We found that subpectoral IBBR was associated with a higher rate of animation deformity. Fracol et al.33 showed that animation deformity is estimated to occur anywhere from 75 to 100% of the subpectoral IBBR. Animation deformity in subpectoral IBBR is caused by contraction of the pectoralis muscle against the breast implant, causing it and the overlying breast shape to shift unnaturally with muscle contraction. This common adverse effect has a large impact on aesthetics, quality of life, and functional comfort. Becker et al.34 revealed that approximately half of women with animation deformity experienced disruption to simple activities of daily living. Up to 28% of breast reconstruction patients will request revisionary surgery due to animation deformity, and half of the patients stated that they would have liked to know about alternative surgical options to avoid animation deformity at the time of mastectomy.33,34,35,36 We also found that prepectoral IBBR was associated with a decrease in prosthesis failure compared with subpectoral IBBR. Accordingly, it is plausible that prepectoral IBBR may be associated with improved long-term outcomes.

Based on our results, there was no difference in skin flap necrosis rates between prepectoral and subpectoral IBBR. In patients with implant-based breast reconstruction, there are several associated risk factors that increase skin flap necrosis such as: smoking, age, hypertension, previous scars, diabetes, radiotherapy, obesity, increased breast volume, and severe comorbidities.37,38 Endara et al.39 and Daar et al.40 showed that the surgical technique also is very important factor for decrease of skin flap necrosis. The main surgical factors that increase skin necrosis are: incision type and decreased mastectomy skin-flap thickness. Daar et al.40 also performed a systematic literature review and meta-analysis, including 51 studies with 9,975 NSM, and identified that inframammary incision (IMF) could be the preferred choice with fewer complication and better aesthetic outcomes with a nipple-areola complex (NAC) necrosis rate of 4.62%. In a study by King et al.,22 surgeons performed inframammary incision (IMF) in 93.3% (378/405) of cases, with a skin-flap necrosis rate of 4.04%. Several studies have demonstrated the potential benefits of implant-based breast reconstruction and oncological outcomes. Fujihara et al.41 showed that the local recurrence rate after implant-based breast reconstruction was 3.1%. In our analysis, the recurrence rates for breasts undergoing prepectoral IBBR were 2.77% (14/504) and subpectoral IBBR was 1.91% (7/366).

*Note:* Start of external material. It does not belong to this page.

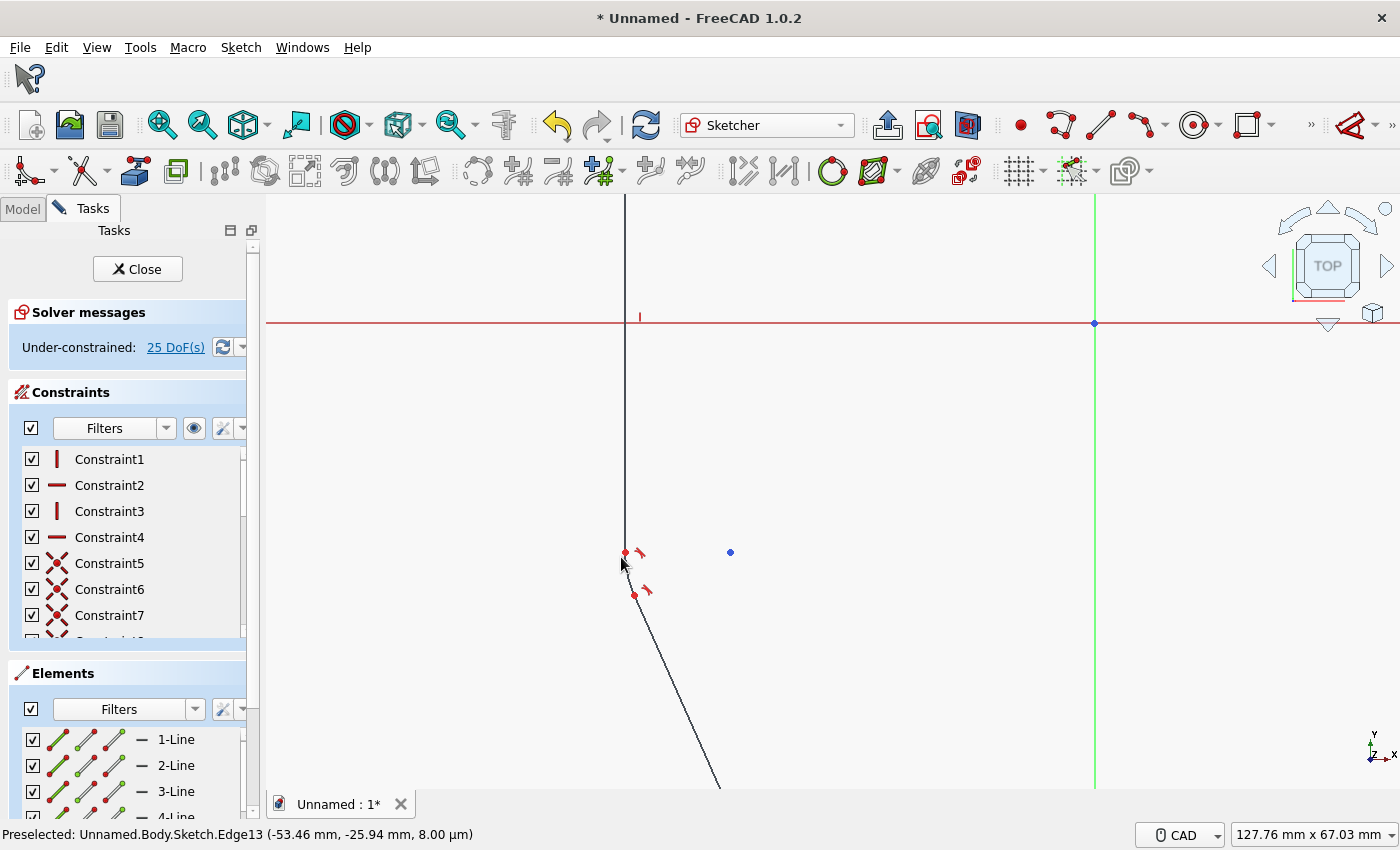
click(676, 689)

However, the lack of included studies reporting long-term data hindered our ability to properly assess the long-term oncologic outcomes for prepectoral IBBR versus the subpectoral IBBR.

Limitations

This study has limitations. The most serious of which was the variation in the sample size among the included studies. Although we analyzed 3101, the sample size ranged widely among the studies from 63 to 642 patients. The included studies were observational in design with limited data on long-term oncological outcomes. The impact of adjuvant therapy on surgical outcomes following implant-based breast reconstruction was conducted by limited number of studies and introduces a risk for bias. Several other factors that were not considered also could affect the outcomes, including different follow-up durations between prepectoral and subpectoral IBBR. This analysis did not give specific data on the implant visibility and rippling between two groups due to lack of included studies reporting data. Future research should include randomized, clinical trials or well-designed, prospective, matched studies with adequate follow-up to assess long-term outcomes between comparative groups. This will help us to choose the most suitable method between the prepectoral and subpectoral IBBR.

Conclusions

The results of our systematic review and meta-analysis demonstrated that prepectoral, implant-based, breast reconstruction is a safe modality and has similar outcomes with significantly lower rates of capsular contracture, prosthesis failure, and animation deformity compared with subpectoral, implant-based, breast reconstruction.